Saint Jean-Paul II attestait de cette possibilité de rester dans la joie au milieu des épreuves du monde :

« Bien souvent, les saints ont vécu quelque chose de semblable à l’expérience de Jésus sur la Croix, dans un mélange paradoxal de béatitude et de douleur. Dans le Dialogue de la Divine Providence, Dieu le Père montre à Catherine de Sienne que dans les âmes saintes peuvent être présentes à la fois la joie et la souffrance : “Et l’âme est bienheureuse et souffrante : souffrante pour les péchés du prochain, bienheureuse par l’union et l’affection de la charité qu’elle a reçue en elle.
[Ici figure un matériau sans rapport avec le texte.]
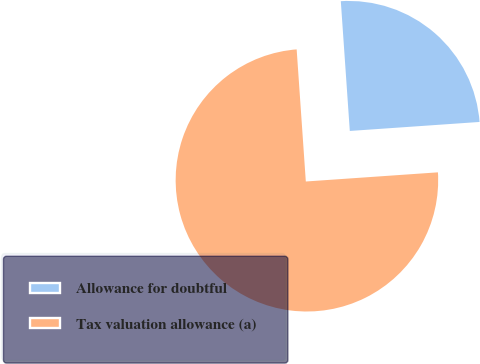Convert chart to OTSL. <chart><loc_0><loc_0><loc_500><loc_500><pie_chart><fcel>Allowance for doubtful<fcel>Tax valuation allowance (a)<nl><fcel>25.0%<fcel>75.0%<nl></chart> 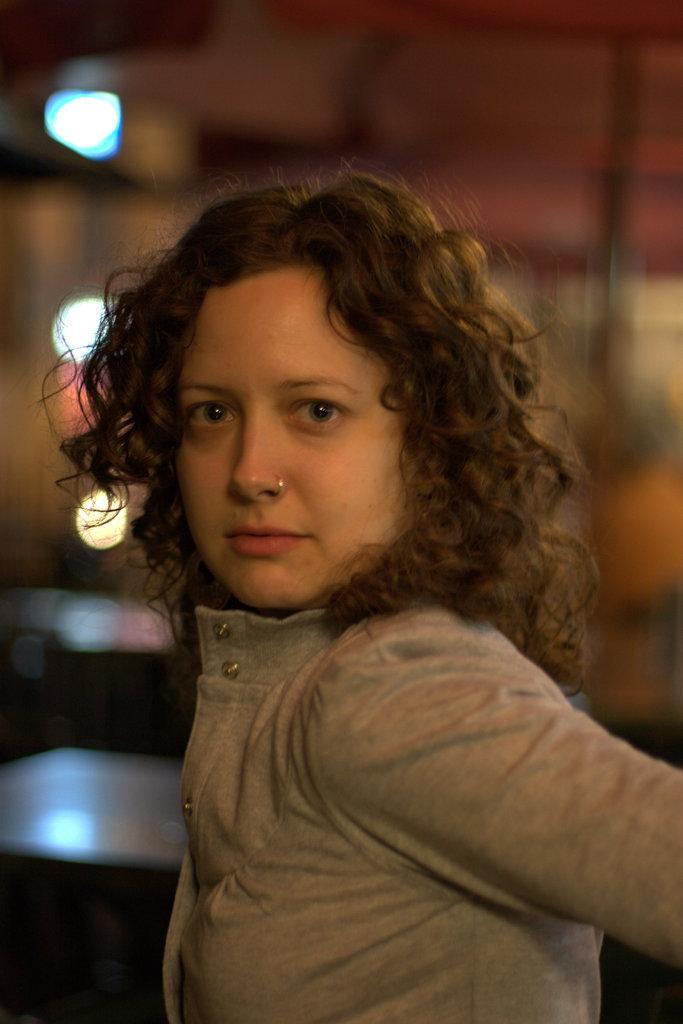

Ceux-là imitent l’Agneau immaculé, mon Fils unique, lequel sur la Croix était bienheureux et souffrant.” De la même façon, Thérèse de Lisieux vit son agonie en communion avec celle de Jésus, éprouvant précisément en elle le paradoxe de Jésus bienheureux et angoissé : “Notre Seigneur dans le Jardin des Oliviers jouissait de toutes les délices de la Trinité, et pourtant son agonie n’en était pas moins cruelle. C’est un mystère, mais je vous assure que j’en comprends quelque chose par ce que j’éprouve moi-même.” C’est un témoignage lumineux ! » (Jean-Paul II, Novo millennio ineunte, n° 27).

Ainsi la joie peut, dans le Christ, dominer les conséquences d’une souffrance péniblement endurée. « La souffrance et la joie ne sont plus [dans le Christ] des ennemies irréductibles », enseignait saint Paul VI (Audience, 19/04/1972).

Le Magnificat que nous avons entendu à la place du psaume constitue un chant d’allégresse pour toutes les générations qui déclarent la Vierge Marie bienheureuse, en écho au chant d’Isaïe entendu lors de la première lecture : « Je tressaille de joie dans le Seigneur, mon âme exulte en mon Dieu » (Is 61, 10). Pour apprendre la joie, mettons-nous donc à si bonne école, tournons-nous vers « la Mère pleine de la sainte joie (Mater plena sanctae laetitiae) », selon l’expression de saint Paul VI dans Gaudete de Domino. Les anges à Noël ne vont-ils pas nous annoncer « une grande joie (gaudium magnum), celle de tout le peuple » (Lc 2, 10) ? Les mages à la vue de l’astre ne seront-ils pas eux-mêmes « remplis d’une très grande joie » (Mt 2, 10) ? Certes la joie qui nous anime est encore une liesse retenue, non pas un jubilate qui débordera en son temps, ayons-en l’espérance. La période liturgique est encore à l’attente, mais joyeuse, allègre, légère, car certaine comme la « bienheureuse espérance » (Tt 2, 13), celle qui ne « déçoit pas » (Rm 5, 5). Si nous nous préparons réellement à l’annonce de la « grande joie » du salut qui doit advenir dans nos cœurs, demain nous aurons vraiment accès à la joie, à « la jubilation », c’est-à-dire à « la louange ineffable qui ne peut partir que de l’âme » (Augustin, Sur le Ps 49, 3). Rien de grand sans préparation.

En cet Avent, que nous puissions chacun attiser en nous un foyer si intense de joie de sorte que personne ne nous quitte sans avoir ressenti une certaine contagion frémissante, joyeuse, discrète, comme savent se le manifester entre eux les amoureux authentiques ! Qu’aujourd’hui, au profond de notre vie conformée au Christ, le Seigneur nous restaure selon la prophétie d’Isaïe : « Je ferai de toi […] une source de joie d’âge en âge » (Is 60, 15). Avec Jean-Baptiste, ce premier « immergé » au jour de la Visitation par cette source de la grâce, ce joyeux « ami de l’Époux », ce grand « précurseur » de la joie chrétienne, rendons « témoignage à la Lumière » (Jn 1, 7), à Celui qui vient bientôt. Ce témoignage lumineux ne peut qu’aboutir un jour à l’expérience du Ressuscité : « En voyant le Seigneur, les disciples furent tout à la joie » (Jn 20, 20).